2RC Stamperia d'arte

The beginning of the story
Via Flaminio Ponzio

Roma
Text by Walter Rossi from "La vita è segno"

Swe had known from the first day that the headquarters of Flaminio Ponzio, on the Aventine, had to change soon, as there were no conditions to be able to expand, even minimally, and because every day with the ideas that each artist proposed, an inexhaustible research had to be done.

The increasingly exciting technical results began to require more and more materials and machinery, taking into account that in such a short period we were already working with Fontana, Burri, Turcato

It was decided to temporarily move to a space sufficient to guarantee all the necessary autonomy as an intermediate step, to then find an emblematic seat for the artists who were already working with us and others we had intended to reach.

Here is the transfer to Via Madonna di Fatima !!

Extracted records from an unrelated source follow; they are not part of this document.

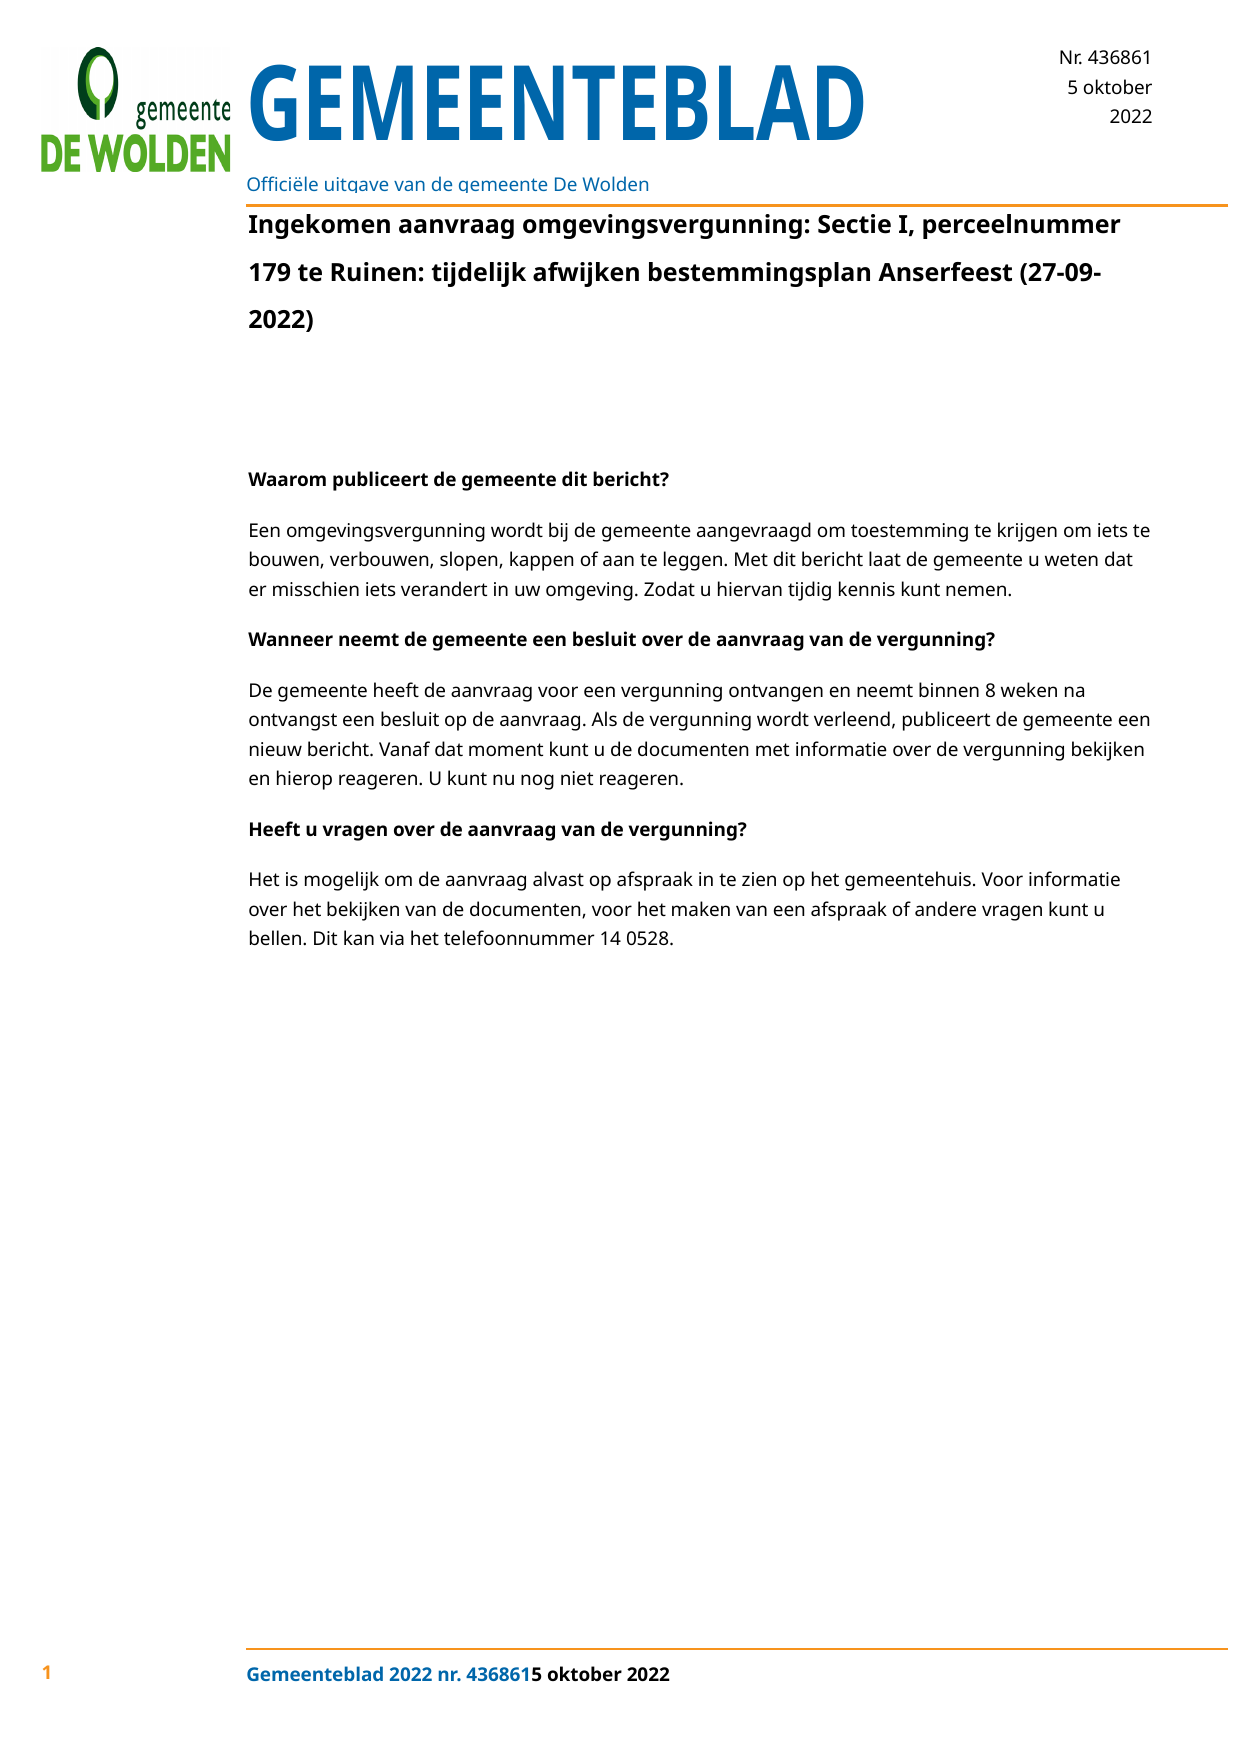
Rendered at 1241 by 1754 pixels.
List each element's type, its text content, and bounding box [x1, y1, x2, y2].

text Heeft u vragen over de aanvraag van de vergunning? [248, 816, 1152, 842]
text Wanneer neemt de gemeente een besluit over de aanvraag van de vergunning? [248, 626, 1152, 652]
text De gemeente heeft de aanvraag voor een vergunning ontvangen en neemt binnen 8 weken na ontvangst een besluit op de aanvraag. Als de vergunning wordt verleend, publiceert de gemeente een nieuw bericht. Vanaf dat moment kunt u de documenten met informatie over de vergunning bekijken en hierop reageren. U kunt nu nog niet reageren. [248, 677, 1152, 791]
text Ingekomen aanvraag omgevingsvergunning: Sectie I, perceelnummer 179 te Ruinen: tijdelijk afwijken bestemmingsplan Anserfeest (27-09-2022) [248, 207, 1152, 336]
text Waarom publiceert de gemeente dit bericht? [248, 466, 1152, 492]
text Het is mogelijk om de aanvraag alvast op afspraak in te zien op het gemeentehuis. Voor informatie over het bekijken van de documenten, voor het maken van een afspraak of andere vragen kunt u bellen. Dit kan via het telefoonnummer 14 0528. [248, 866, 1152, 951]
picture [41, 47, 231, 172]
text Een omgevingsvergunning wordt bij de gemeente aangevraagd om toestemming te krijgen om iets te bouwen, verbouwen, slopen, kappen of aan te leggen. Met dit bericht laat de gemeente u weten dat er misschien iets verandert in uw omgeving. Zodat u hiervan tijdig kennis kunt nemen. [248, 517, 1152, 602]

A large, spacious, well-lit room with a solid base in which large weights can be placed without any problem. The test was immediately made, by installing our, real, first "Alessandro" chalcographic press, which allowed us to finally print Burri's "combustions", with true serenity and satisfaction, of the undersigned who had designed it.

Here we dedicated all our commitment to having more and more contacts with new artists, but more than anything else, to consolidate the technical and human commitment and no less important than friendship, with the "great" with whom, the relationships, do not they were never interrupted.

This was the occasion, giving heed to Franco Cioppi, to mount two French lithographic presses of the late eighteenth century. We then bought lithographic stones all over Italy, choosing the most suitable and rarest ones. We also mounted two screen printing setups with all the necessary equipment.

We were able, very quickly, to approach all the basic printing techniques, for experimentation and immediately production. It took a short time to understand that lithography on stone for many reasons, already at that time, had little to suggest and say for the future of original art printing, because the widespread industrial offset printing, in a short time, had taken the the market for original lithographic printing takes over and confused it, which still survives today only for tradition without possible innovations and curiosities for the new generations of artists.